## What you are asked to do
Return the listing below unchanged, except that the pictures are dropped.

## Records for processing

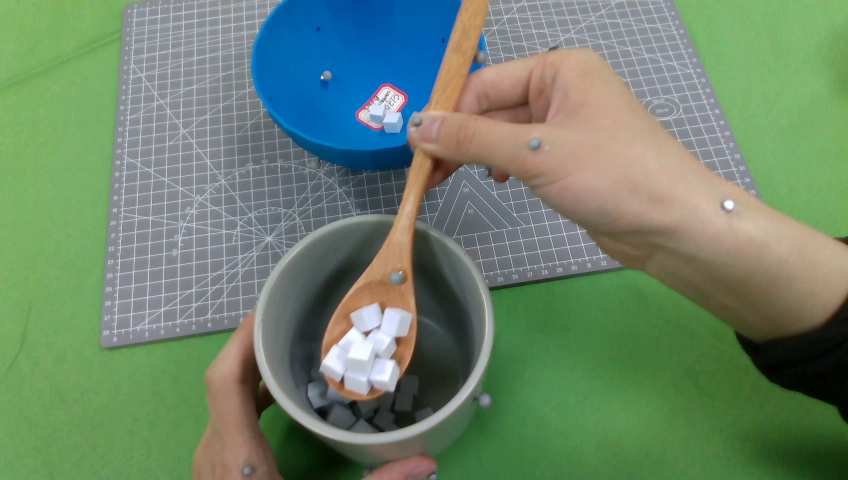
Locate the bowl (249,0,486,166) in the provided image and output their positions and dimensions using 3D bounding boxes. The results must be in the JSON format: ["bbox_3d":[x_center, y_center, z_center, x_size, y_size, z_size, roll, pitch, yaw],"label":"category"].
[{"bbox_3d":[-0.034,-0.105,0.418,0.151,0.077,0.150,0,65,1],"label":"bowl"}]

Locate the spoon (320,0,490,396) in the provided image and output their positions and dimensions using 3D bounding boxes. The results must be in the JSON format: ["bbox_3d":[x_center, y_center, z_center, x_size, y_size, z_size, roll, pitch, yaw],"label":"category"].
[{"bbox_3d":[-0.002,-0.025,0.270,0.041,0.022,0.193,18,91,12],"label":"spoon"}]

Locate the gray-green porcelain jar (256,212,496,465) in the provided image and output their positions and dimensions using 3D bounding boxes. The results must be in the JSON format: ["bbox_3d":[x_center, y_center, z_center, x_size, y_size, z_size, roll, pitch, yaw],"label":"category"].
[{"bbox_3d":[-0.019,0.060,0.318,0.106,0.127,0.105,-1,64,1],"label":"gray-green porcelain jar"}]
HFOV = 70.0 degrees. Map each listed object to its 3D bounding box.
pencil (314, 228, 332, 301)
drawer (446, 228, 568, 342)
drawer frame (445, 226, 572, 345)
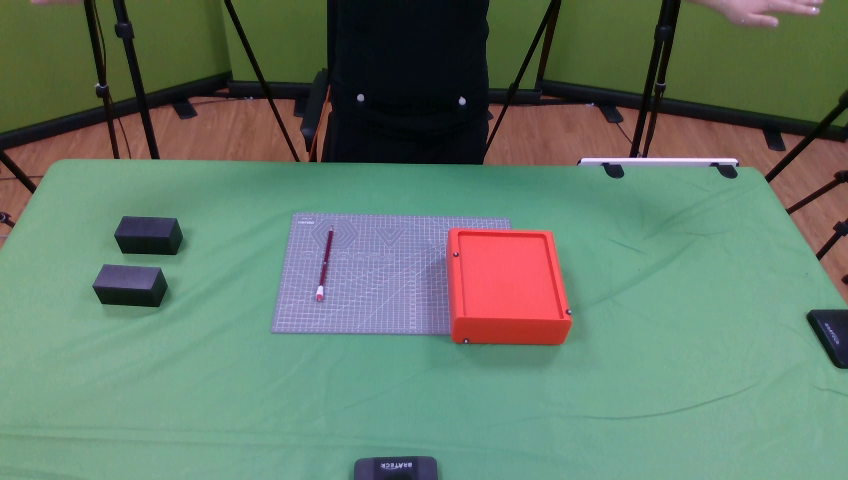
[{"bbox_3d":[-0.189,0.041,1.148,0.012,0.012,0.193,3,43,-1],"label":"pencil"},{"bbox_3d":[0.142,0.078,1.089,0.195,0.073,0.210,2,47,-4],"label":"drawer"},{"bbox_3d":[0.144,0.078,1.087,0.202,0.083,0.212,2,47,-4],"label":"drawer frame"}]
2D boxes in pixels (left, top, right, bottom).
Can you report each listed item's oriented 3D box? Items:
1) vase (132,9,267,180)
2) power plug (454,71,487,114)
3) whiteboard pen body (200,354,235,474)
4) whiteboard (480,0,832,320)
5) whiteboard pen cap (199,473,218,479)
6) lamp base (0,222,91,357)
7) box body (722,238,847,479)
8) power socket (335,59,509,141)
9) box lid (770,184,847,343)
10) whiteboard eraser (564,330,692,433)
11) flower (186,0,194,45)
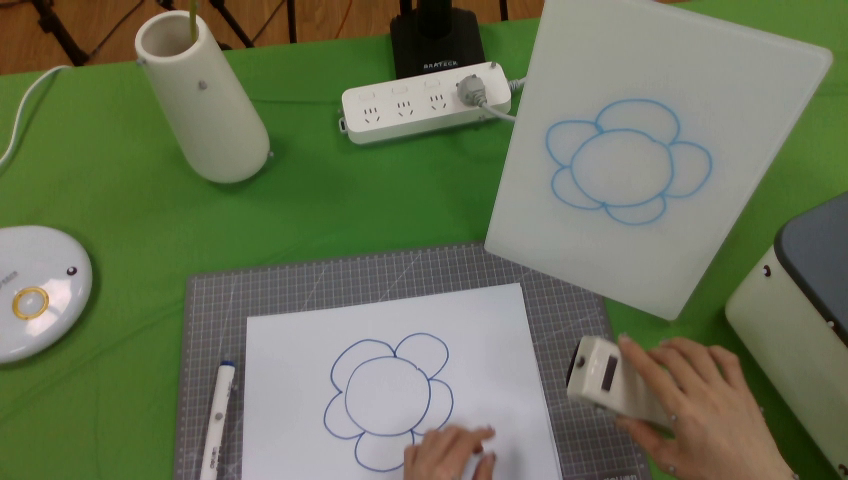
[{"bbox_3d":[-0.243,-0.151,0.665,0.098,0.201,0.097,-1,62,3],"label":"vase"},{"bbox_3d":[0.055,-0.172,0.736,0.035,0.053,0.072,-2,69,0],"label":"power plug"},{"bbox_3d":[-0.202,0.181,0.589,0.017,0.017,0.139,1,65,2],"label":"whiteboard pen body"},{"bbox_3d":[0.206,-0.103,0.603,0.216,0.308,0.143,22,45,13],"label":"whiteboard"},{"bbox_3d":[-0.203,0.234,0.565,0.018,0.018,0.033,0,65,2],"label":"whiteboard pen cap"},{"bbox_3d":[-0.461,0.011,0.598,0.178,0.182,0.160,23,65,16],"label":"lamp base"},{"bbox_3d":[0.482,0.119,0.528,0.254,0.161,0.360,-24,65,-10],"label":"box body"},{"bbox_3d":[-0.001,-0.177,0.765,0.227,0.033,0.071,-12,64,-5],"label":"power socket"},{"bbox_3d":[0.478,0.082,0.463,0.263,0.015,0.368,-24,65,-10],"label":"box lid"},{"bbox_3d":[0.176,0.124,0.527,0.113,0.042,0.055,25,69,-15],"label":"whiteboard eraser"},{"bbox_3d":[-0.224,-0.184,0.589,0.038,0.362,0.044,41,61,2],"label":"flower"}]
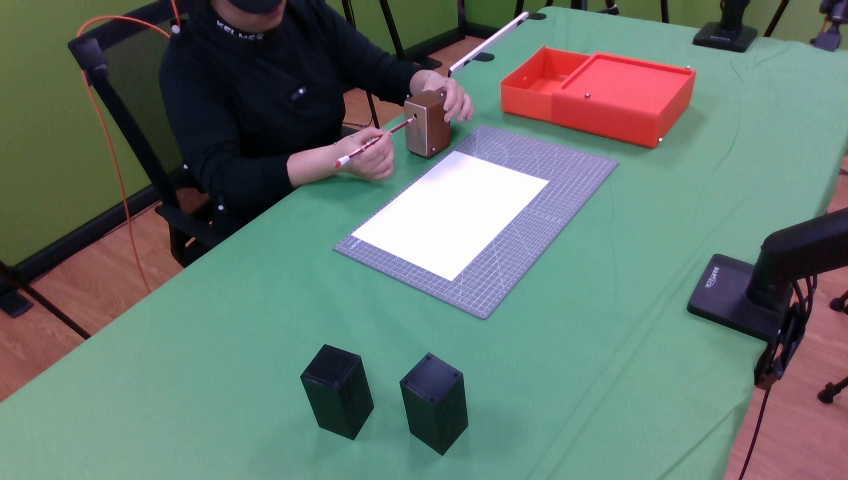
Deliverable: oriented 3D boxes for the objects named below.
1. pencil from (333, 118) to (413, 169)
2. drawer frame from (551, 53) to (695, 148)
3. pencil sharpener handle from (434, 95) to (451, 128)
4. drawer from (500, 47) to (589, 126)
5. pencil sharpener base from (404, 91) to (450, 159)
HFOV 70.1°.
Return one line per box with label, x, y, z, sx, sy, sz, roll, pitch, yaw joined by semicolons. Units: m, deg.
pencil;-0.086;-0.174;1.070;0.012;0.012;0.195;28;52;35
drawer frame;0.390;-0.281;1.196;0.212;0.083;0.202;22;48;29
pencil sharpener handle;0.041;-0.255;1.187;0.035;0.068;0.031;29;45;30
drawer;0.295;-0.316;1.255;0.210;0.073;0.195;22;47;29
pencil sharpener base;0.008;-0.222;1.162;0.061;0.107;0.077;25;43;34
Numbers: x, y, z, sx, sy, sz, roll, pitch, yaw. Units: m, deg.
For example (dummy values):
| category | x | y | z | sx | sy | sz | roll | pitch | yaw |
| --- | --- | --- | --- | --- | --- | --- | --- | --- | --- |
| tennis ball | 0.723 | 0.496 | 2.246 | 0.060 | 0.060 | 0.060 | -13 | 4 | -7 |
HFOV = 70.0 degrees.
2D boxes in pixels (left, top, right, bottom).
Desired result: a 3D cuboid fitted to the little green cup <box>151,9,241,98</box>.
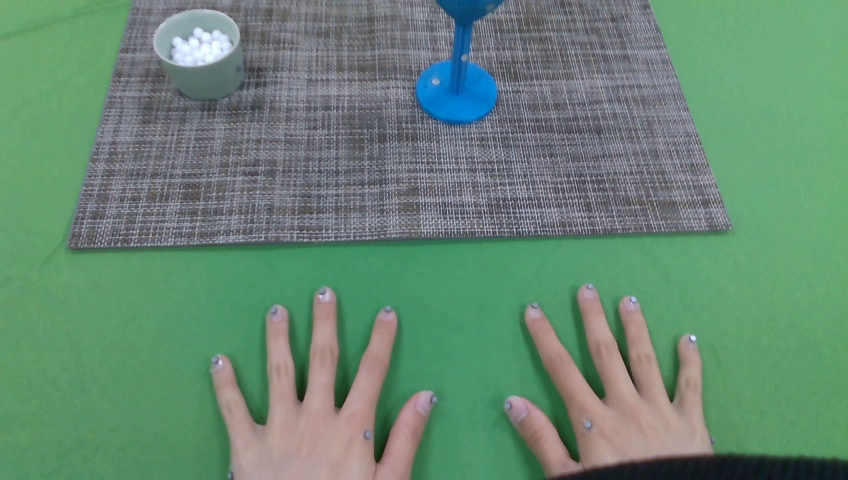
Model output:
| category | x | y | z | sx | sy | sz | roll | pitch | yaw |
| --- | --- | --- | --- | --- | --- | --- | --- | --- | --- |
| little green cup | -0.168 | -0.139 | 0.456 | 0.061 | 0.039 | 0.061 | 2 | 59 | -2 |

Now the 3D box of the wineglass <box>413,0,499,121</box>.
| category | x | y | z | sx | sy | sz | roll | pitch | yaw |
| --- | --- | --- | --- | --- | --- | --- | --- | --- | --- |
| wineglass | 0.026 | -0.163 | 0.404 | 0.074 | 0.173 | 0.073 | 1 | 59 | -2 |
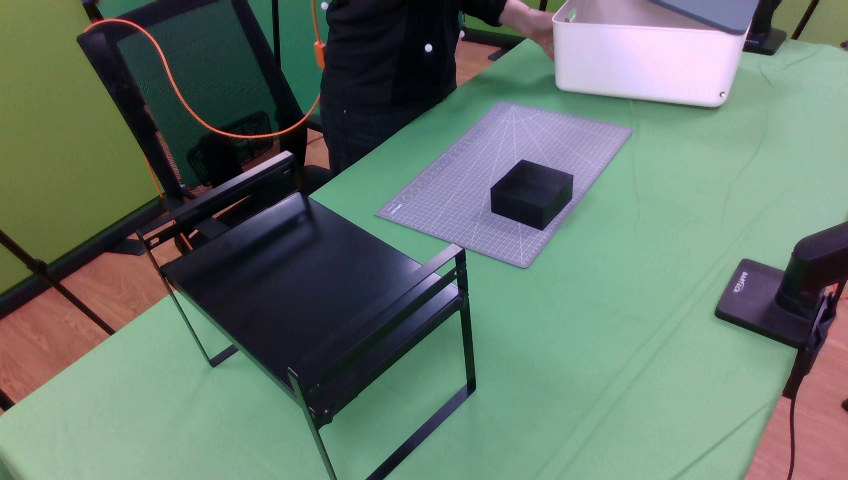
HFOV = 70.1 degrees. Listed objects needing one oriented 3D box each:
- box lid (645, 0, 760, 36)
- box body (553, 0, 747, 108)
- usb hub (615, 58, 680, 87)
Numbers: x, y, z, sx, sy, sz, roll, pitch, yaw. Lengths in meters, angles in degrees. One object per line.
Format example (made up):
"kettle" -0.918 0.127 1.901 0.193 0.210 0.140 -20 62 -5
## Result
"box lid" 0.477 -0.518 1.203 0.370 0.015 0.264 28 46 13
"box body" 0.481 -0.420 1.281 0.362 0.161 0.254 15 44 24
"usb hub" 0.484 -0.364 1.311 0.124 0.025 0.049 22 46 27
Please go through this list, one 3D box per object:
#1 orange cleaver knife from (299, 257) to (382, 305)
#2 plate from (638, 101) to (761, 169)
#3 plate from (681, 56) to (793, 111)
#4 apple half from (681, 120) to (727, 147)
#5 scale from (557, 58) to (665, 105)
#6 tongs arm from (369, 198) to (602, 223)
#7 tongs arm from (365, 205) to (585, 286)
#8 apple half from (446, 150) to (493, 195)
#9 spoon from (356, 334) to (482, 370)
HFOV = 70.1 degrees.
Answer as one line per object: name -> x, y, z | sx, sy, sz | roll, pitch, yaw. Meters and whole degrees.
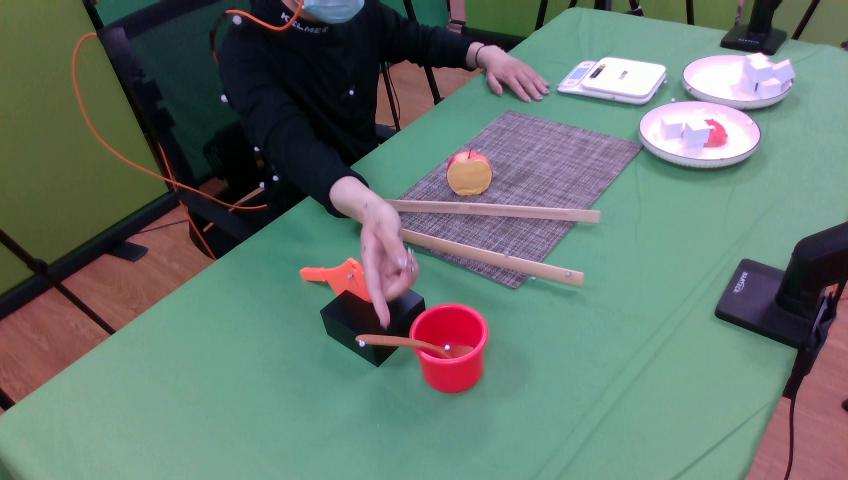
orange cleaver knife -> -0.124, 0.061, 0.872 | 0.012, 0.077, 0.210 | -38, 17, -30
plate -> 0.500, -0.189, 1.111 | 0.209, 0.038, 0.208 | -4, 41, 4
plate -> 0.636, -0.317, 1.239 | 0.207, 0.039, 0.206 | -4, 40, 4
apple half -> 0.518, -0.202, 1.115 | 0.081, 0.033, 0.081 | -1, 40, 2
scale -> 0.406, -0.348, 1.314 | 0.199, 0.032, 0.149 | 19, 47, 28
tongs arm -> 0.097, -0.047, 1.008 | 0.386, 0.028, 0.028 | 3, 46, 13
tongs arm -> 0.067, 0.004, 0.951 | 0.382, 0.026, 0.051 | 13, 45, 23
apple half -> 0.080, -0.123, 1.065 | 0.081, 0.075, 0.053 | -7, 37, 7
spoon -> -0.002, 0.130, 0.731 | 0.195, 0.021, 0.041 | 22, 28, -39

## Reply to the task
Locate the bowl (249,0,486,166) in the provided image and output their positions and dimensions using 3D bounding boxes. The results must be in the JSON format: ["bbox_3d":[x_center, y_center, z_center, x_size, y_size, z_size, roll, pitch, yaw],"label":"category"].
[{"bbox_3d":[-0.034,-0.105,0.418,0.151,0.077,0.150,0,65,1],"label":"bowl"}]

Locate the spoon (320,0,490,396) in the provided image and output their positions and dimensions using 3D bounding boxes. The results must be in the JSON format: ["bbox_3d":[x_center, y_center, z_center, x_size, y_size, z_size, roll, pitch, yaw],"label":"category"].
[{"bbox_3d":[-0.002,-0.025,0.270,0.041,0.022,0.193,18,91,12],"label":"spoon"}]

Locate the gray-green porcelain jar (256,212,496,465) in the provided image and output their positions and dimensions using 3D bounding boxes. The results must be in the JSON format: ["bbox_3d":[x_center, y_center, z_center, x_size, y_size, z_size, roll, pitch, yaw],"label":"category"].
[{"bbox_3d":[-0.019,0.060,0.318,0.106,0.127,0.105,-1,64,1],"label":"gray-green porcelain jar"}]
HFOV = 70.0 degrees. Map each listed object to its 3D bounding box.
pencil (314, 228, 332, 301)
drawer (446, 228, 568, 342)
drawer frame (445, 226, 572, 345)
[{"bbox_3d":[-0.189,0.041,1.148,0.012,0.012,0.193,3,43,-1],"label":"pencil"},{"bbox_3d":[0.142,0.078,1.089,0.195,0.073,0.210,2,47,-4],"label":"drawer"},{"bbox_3d":[0.144,0.078,1.087,0.202,0.083,0.212,2,47,-4],"label":"drawer frame"}]
2D boxes in pixels (left, top, right, bottom).
Can you report each listed item's oriented 3D box? Items:
1) vase (132,9,267,180)
2) power plug (454,71,487,114)
3) whiteboard pen body (200,354,235,474)
4) whiteboard (480,0,832,320)
5) whiteboard pen cap (199,473,218,479)
6) lamp base (0,222,91,357)
7) box body (722,238,847,479)
8) power socket (335,59,509,141)
9) box lid (770,184,847,343)
10) whiteboard eraser (564,330,692,433)
11) flower (186,0,194,45)
[{"bbox_3d":[-0.243,-0.151,0.665,0.098,0.201,0.097,-1,62,3],"label":"vase"},{"bbox_3d":[0.055,-0.172,0.736,0.035,0.053,0.072,-2,69,0],"label":"power plug"},{"bbox_3d":[-0.202,0.181,0.589,0.017,0.017,0.139,1,65,2],"label":"whiteboard pen body"},{"bbox_3d":[0.206,-0.103,0.603,0.216,0.308,0.143,22,45,13],"label":"whiteboard"},{"bbox_3d":[-0.203,0.234,0.565,0.018,0.018,0.033,0,65,2],"label":"whiteboard pen cap"},{"bbox_3d":[-0.461,0.011,0.598,0.178,0.182,0.160,23,65,16],"label":"lamp base"},{"bbox_3d":[0.482,0.119,0.528,0.254,0.161,0.360,-24,65,-10],"label":"box body"},{"bbox_3d":[-0.001,-0.177,0.765,0.227,0.033,0.071,-12,64,-5],"label":"power socket"},{"bbox_3d":[0.478,0.082,0.463,0.263,0.015,0.368,-24,65,-10],"label":"box lid"},{"bbox_3d":[0.176,0.124,0.527,0.113,0.042,0.055,25,69,-15],"label":"whiteboard eraser"},{"bbox_3d":[-0.224,-0.184,0.589,0.038,0.362,0.044,41,61,2],"label":"flower"}]
Deliverable: oriented 3D boxes for the objects named below.
1. pencil from (333, 118) to (413, 169)
2. drawer frame from (551, 53) to (695, 148)
3. pencil sharpener handle from (434, 95) to (451, 128)
4. drawer from (500, 47) to (589, 126)
5. pencil sharpener base from (404, 91) to (450, 159)
HFOV 70.1°.
Return one line per box with label, x, y, z, sx, sy, sz, roll, pitch, yaw joined by semicolons. Units: m, deg.
pencil;-0.086;-0.174;1.070;0.012;0.012;0.195;28;52;35
drawer frame;0.390;-0.281;1.196;0.212;0.083;0.202;22;48;29
pencil sharpener handle;0.041;-0.255;1.187;0.035;0.068;0.031;29;45;30
drawer;0.295;-0.316;1.255;0.210;0.073;0.195;22;47;29
pencil sharpener base;0.008;-0.222;1.162;0.061;0.107;0.077;25;43;34
Numbers: x, y, z, sx, sy, sz, roll, pitch, yaw. Units: m, deg.
For example (dummy values):
| category | x | y | z | sx | sy | sz | roll | pitch | yaw |
| --- | --- | --- | --- | --- | --- | --- | --- | --- | --- |
| tennis ball | 0.723 | 0.496 | 2.246 | 0.060 | 0.060 | 0.060 | -13 | 4 | -7 |
HFOV = 70.0 degrees.
2D boxes in pixels (left, top, right, bottom).
Desired result: a 3D cuboid fitted to the little green cup <box>151,9,241,98</box>.
Model output:
| category | x | y | z | sx | sy | sz | roll | pitch | yaw |
| --- | --- | --- | --- | --- | --- | --- | --- | --- | --- |
| little green cup | -0.168 | -0.139 | 0.456 | 0.061 | 0.039 | 0.061 | 2 | 59 | -2 |

Now the 3D box of the wineglass <box>413,0,499,121</box>.
| category | x | y | z | sx | sy | sz | roll | pitch | yaw |
| --- | --- | --- | --- | --- | --- | --- | --- | --- | --- |
| wineglass | 0.026 | -0.163 | 0.404 | 0.074 | 0.173 | 0.073 | 1 | 59 | -2 |
HFOV = 70.1 degrees. Listed objects needing one oriented 3D box each:
- box lid (645, 0, 760, 36)
- box body (553, 0, 747, 108)
- usb hub (615, 58, 680, 87)
Numbers: x, y, z, sx, sy, sz, roll, pitch, yaw. Lengths in meters, angles in degrees. One object per line.
Format example (made up):
"kettle" -0.918 0.127 1.901 0.193 0.210 0.140 -20 62 -5
## Result
"box lid" 0.477 -0.518 1.203 0.370 0.015 0.264 28 46 13
"box body" 0.481 -0.420 1.281 0.362 0.161 0.254 15 44 24
"usb hub" 0.484 -0.364 1.311 0.124 0.025 0.049 22 46 27
Please go through this list, one 3D box per object:
#1 orange cleaver knife from (299, 257) to (382, 305)
#2 plate from (638, 101) to (761, 169)
#3 plate from (681, 56) to (793, 111)
#4 apple half from (681, 120) to (727, 147)
#5 scale from (557, 58) to (665, 105)
#6 tongs arm from (369, 198) to (602, 223)
#7 tongs arm from (365, 205) to (585, 286)
#8 apple half from (446, 150) to (493, 195)
#9 spoon from (356, 334) to (482, 370)
HFOV = 70.1 degrees.
Answer as one line per object: name -> x, y, z | sx, sy, sz | roll, pitch, yaw. Meters and whole degrees.
orange cleaver knife -> -0.124, 0.061, 0.872 | 0.012, 0.077, 0.210 | -38, 17, -30
plate -> 0.500, -0.189, 1.111 | 0.209, 0.038, 0.208 | -4, 41, 4
plate -> 0.636, -0.317, 1.239 | 0.207, 0.039, 0.206 | -4, 40, 4
apple half -> 0.518, -0.202, 1.115 | 0.081, 0.033, 0.081 | -1, 40, 2
scale -> 0.406, -0.348, 1.314 | 0.199, 0.032, 0.149 | 19, 47, 28
tongs arm -> 0.097, -0.047, 1.008 | 0.386, 0.028, 0.028 | 3, 46, 13
tongs arm -> 0.067, 0.004, 0.951 | 0.382, 0.026, 0.051 | 13, 45, 23
apple half -> 0.080, -0.123, 1.065 | 0.081, 0.075, 0.053 | -7, 37, 7
spoon -> -0.002, 0.130, 0.731 | 0.195, 0.021, 0.041 | 22, 28, -39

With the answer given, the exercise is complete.